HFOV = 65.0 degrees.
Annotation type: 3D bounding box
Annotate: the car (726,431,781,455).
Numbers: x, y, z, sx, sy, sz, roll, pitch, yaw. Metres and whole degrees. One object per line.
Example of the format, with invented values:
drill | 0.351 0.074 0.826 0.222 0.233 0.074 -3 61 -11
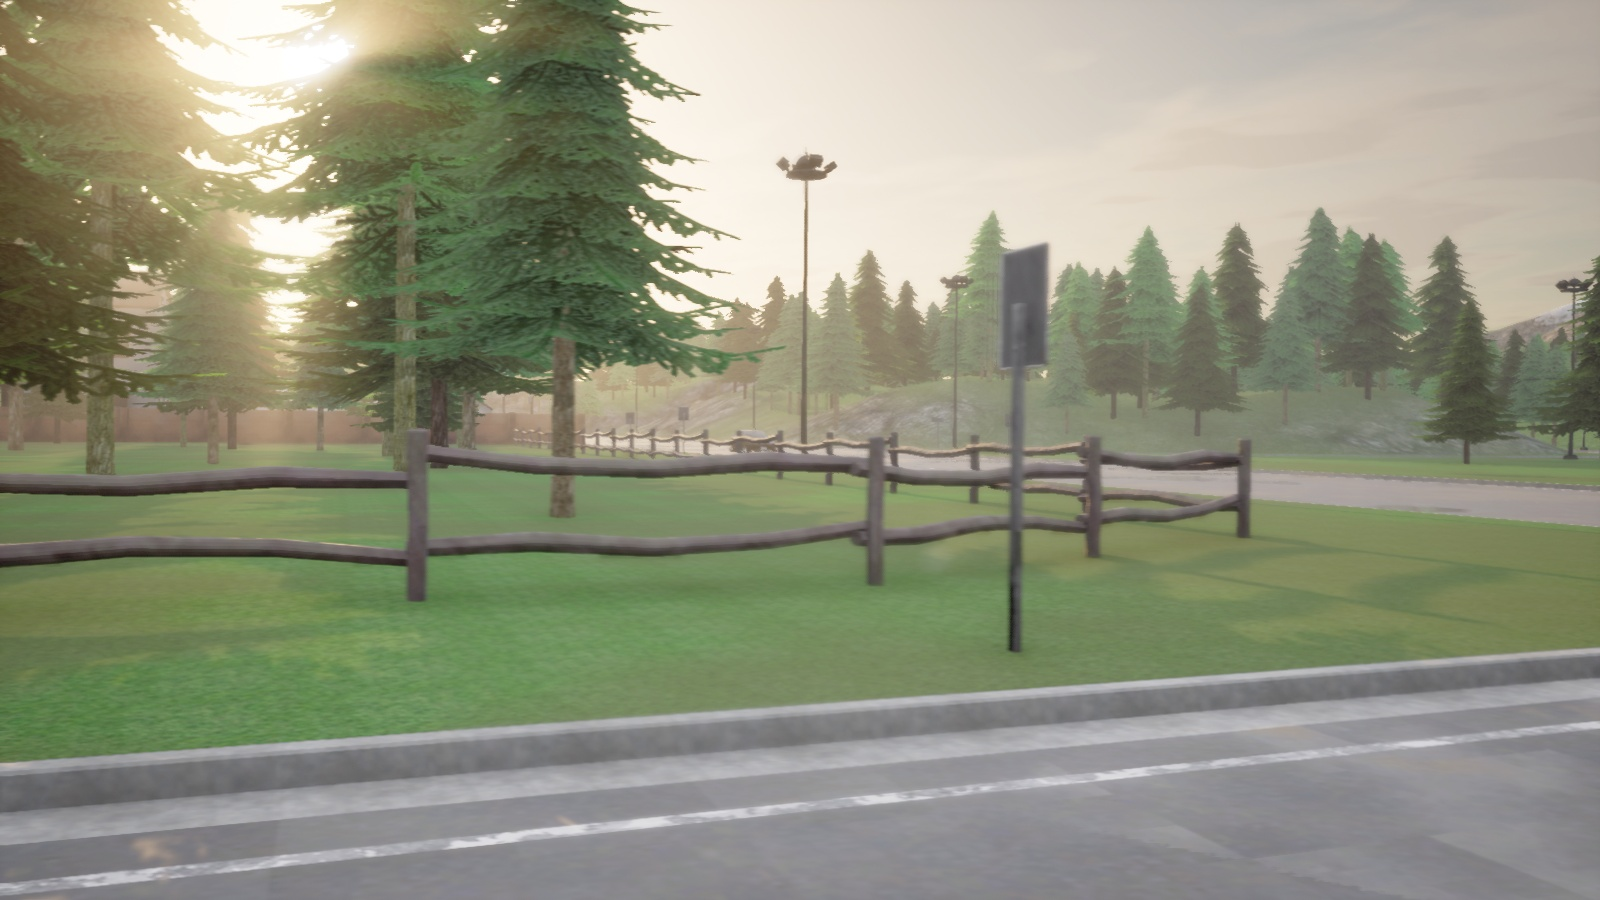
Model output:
car | -3.032 -0.484 80.961 2.163 1.488 4.792 -1 1 -20

Your goal:
What is needed is the data above, retyped exactly, with every picture left out.

Answer below:
HFOV = 65.0 degrees.
Annotation type: 3D bounding box
Annotate: the car (726,431,781,455).
Numbers: x, y, z, sx, sy, sz, roll, pitch, yaw. Metres and whole degrees. One object per line.
Example of the format, with invented values:
drill | 0.351 0.074 0.826 0.222 0.233 0.074 -3 61 -11
Model output:
car | -3.032 -0.484 80.961 2.163 1.488 4.792 -1 1 -20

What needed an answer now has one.